When «futurability» – the future as a panorama of possibility –  is narrowed, it is because we are increasingly led to see the world and ourselves in the perspective of economy, which art the same time acts as a script.  There is much more at stake than the familiar complaint that everything is measured by money, that all our identity is based on work or that we become goal-oriented model citizens – homo economicus. What emerges is an automated form of control that renders language and conversation powerless. The problem is seen in its purest form when we call a service phone and are introduced to a menu with pre-programmed options.

It becomes impossible to negotiate the situation, and our questions are not even among the listed options . And if we eventually are introduced to a person – who would «gladly help» – but unfortunately «cannot do anything at the moment», because the system does not allow it to do so. Both the customer and the employee are in turn powerless – neither language nor goodwill can come to rescue. This is also being repeated on much higher levels, for example when democratically elected politicians fail to keep their promises because management is embodied in procedures that have their own compelling logic. Humans become instruments while the automated processes become the actual and anonymous performers.

A community of knowledge

The knowledge that we need as a basis for criticism and to direct society in a good direction, can still be developed. Unfortunately, the institutions leave little room for such knowledge and it is even less welcome in the free market, from which it seems increasingly difficult to free oneself.

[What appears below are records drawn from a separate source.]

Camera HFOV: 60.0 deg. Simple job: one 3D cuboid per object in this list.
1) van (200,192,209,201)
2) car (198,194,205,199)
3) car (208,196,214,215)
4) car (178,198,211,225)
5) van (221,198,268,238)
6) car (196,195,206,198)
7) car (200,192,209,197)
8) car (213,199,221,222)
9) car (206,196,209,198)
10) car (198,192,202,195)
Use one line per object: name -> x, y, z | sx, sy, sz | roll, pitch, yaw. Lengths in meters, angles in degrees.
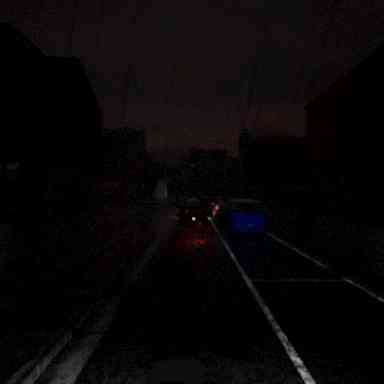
van -> 2.677, 1.003, 71.315 | 1.690, 1.788, 3.998 | 1, 0, 0
car -> 2.683, 1.187, 93.329 | 1.802, 1.307, 4.206 | 1, 0, 0
car -> 2.659, 1.282, 27.921 | 1.967, 1.590, 4.097 | 1, 0, 0
car -> 0.107, 1.373, 22.738 | 1.837, 1.490, 4.892 | 0, 0, 0
van -> 2.656, 1.241, 16.840 | 1.690, 1.788, 3.998 | 1, 0, 0
car -> 0.117, 1.342, 33.087 | 1.812, 1.442, 4.674 | 0, 0, 0
car -> 2.672, 1.224, 60.478 | 1.752, 1.417, 4.829 | 1, 0, 0
car -> 2.656, 1.395, 22.552 | 1.752, 1.417, 4.829 | 1, 0, 0
car -> 2.660, 1.359, 33.463 | 1.887, 1.381, 4.507 | 1, 0, 0
car -> 2.675, 1.120, 65.811 | 1.967, 1.590, 4.097 | 1, 0, 0
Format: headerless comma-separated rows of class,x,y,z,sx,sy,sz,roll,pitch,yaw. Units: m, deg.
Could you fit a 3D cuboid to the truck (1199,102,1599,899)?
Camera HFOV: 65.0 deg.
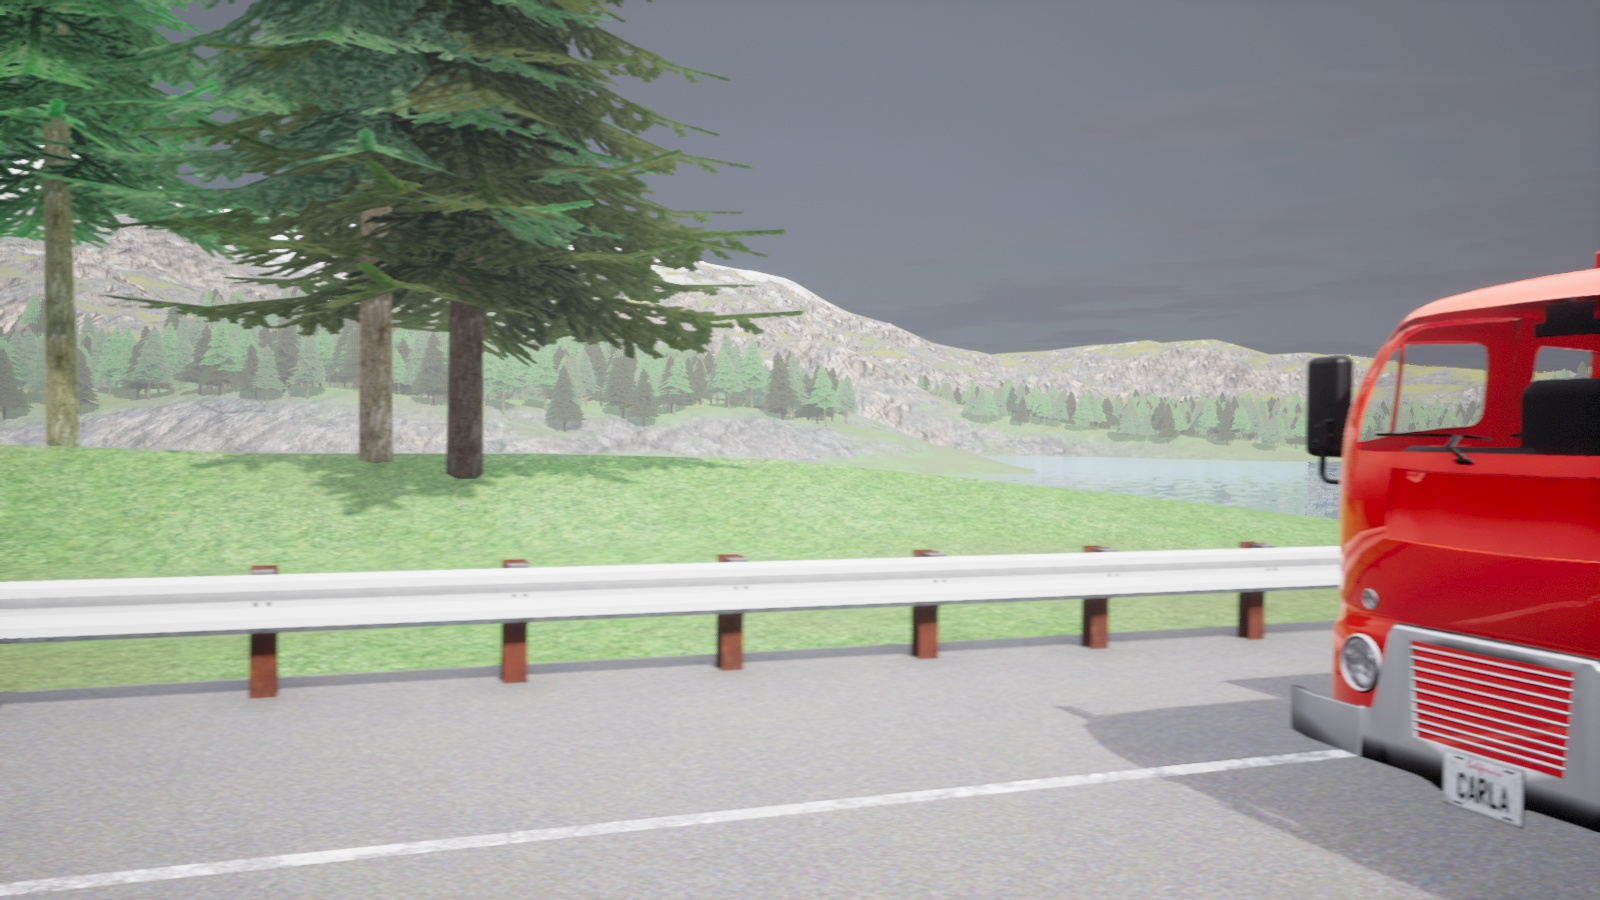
truck,4.578,0.193,4.972,5.204,2.467,2.627,-1,1,-21
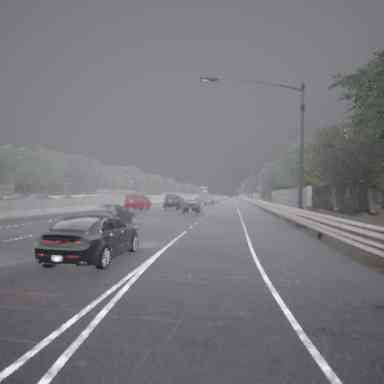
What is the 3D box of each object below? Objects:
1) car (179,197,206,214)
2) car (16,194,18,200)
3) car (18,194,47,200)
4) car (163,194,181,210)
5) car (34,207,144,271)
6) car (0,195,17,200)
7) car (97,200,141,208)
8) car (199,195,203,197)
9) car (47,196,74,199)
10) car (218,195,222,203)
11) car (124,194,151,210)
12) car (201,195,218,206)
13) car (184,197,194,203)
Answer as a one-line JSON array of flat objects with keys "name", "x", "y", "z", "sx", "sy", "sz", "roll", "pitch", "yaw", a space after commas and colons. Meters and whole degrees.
[{"name": "car", "x": 0.132, "y": 1.675, "z": 37.727, "sx": 1.837, "sy": 1.490, "sz": 4.892, "roll": 1, "pitch": 0, "yaw": 7}, {"name": "car", "x": -26.451, "y": 1.088, "z": 51.049, "sx": 1.837, "sy": 1.490, "sz": 4.892, "roll": 1, "pitch": 0, "yaw": 7}, {"name": "car", "x": -23.085, "y": 1.151, "z": 49.812, "sx": 2.128, "sy": 1.511, "sz": 4.902, "roll": 1, "pitch": 0, "yaw": 8}, {"name": "car", "x": -2.447, "y": 1.361, "z": 45.348, "sx": 2.150, "sy": 2.045, "sz": 5.566, "roll": 1, "pitch": 0, "yaw": 7}, {"name": "car", "x": -3.167, "y": 1.478, "z": 10.945, "sx": 1.837, "sy": 1.490, "sz": 4.892, "roll": 1, "pitch": 0, "yaw": 7}, {"name": "car", "x": -21.418, "y": 1.181, "z": 34.970, "sx": 2.033, "sy": 1.411, "sz": 5.357, "roll": 1, "pitch": 0, "yaw": 7}, {"name": "car", "x": -5.322, "y": 1.515, "z": 22.080, "sx": 2.033, "sy": 1.411, "sz": 5.357, "roll": 1, "pitch": 0, "yaw": 7}, {"name": "car", "x": 2.915, "y": 1.808, "z": 88.908, "sx": 2.150, "sy": 2.045, "sz": 5.566, "roll": 1, "pitch": -1, "yaw": 7}, {"name": "car", "x": -19.474, "y": 1.277, "z": 50.489, "sx": 1.812, "sy": 1.442, "sz": 4.674, "roll": 1, "pitch": 0, "yaw": 8}, {"name": "car", "x": 5.639, "y": 2.143, "z": 82.458, "sx": 1.994, "sy": 1.385, "sz": 4.181, "roll": 1, "pitch": -1, "yaw": 7}, {"name": "car", "x": -6.581, "y": 1.239, "z": 40.420, "sx": 2.150, "sy": 2.045, "sz": 5.566, "roll": 1, "pitch": 0, "yaw": 7}, {"name": "car", "x": 3.432, "y": 1.883, "z": 64.512, "sx": 2.128, "sy": 1.511, "sz": 4.902, "roll": 1, "pitch": 0, "yaw": 7}, {"name": "car", "x": -0.816, "y": 2.027, "z": 87.297, "sx": 1.994, "sy": 1.385, "sz": 4.181, "roll": 1, "pitch": -1, "yaw": 7}]

«Humans become instruments while the automated processes become the actual and anonymous performers.»

According to Berardi, the development of an independent and liberating knowledge must take place. Where the expoitation of the creative powers of the cognitariat is greatest: in Silicon Valley, which becoming a global state, rather than just a place on the American West Coast. The latter is becoming a global state more than any other place on the American West Coast. Here, young people work tirelessly to invent the the next breakthrough technology technology, the next social network. Here the suppression really creates a counter-pressure from below, that is potentially potent. The hope is that the energy can be invested in a real social platform – a community of knowledge that in turn will develop free and liberating forms of knowledge.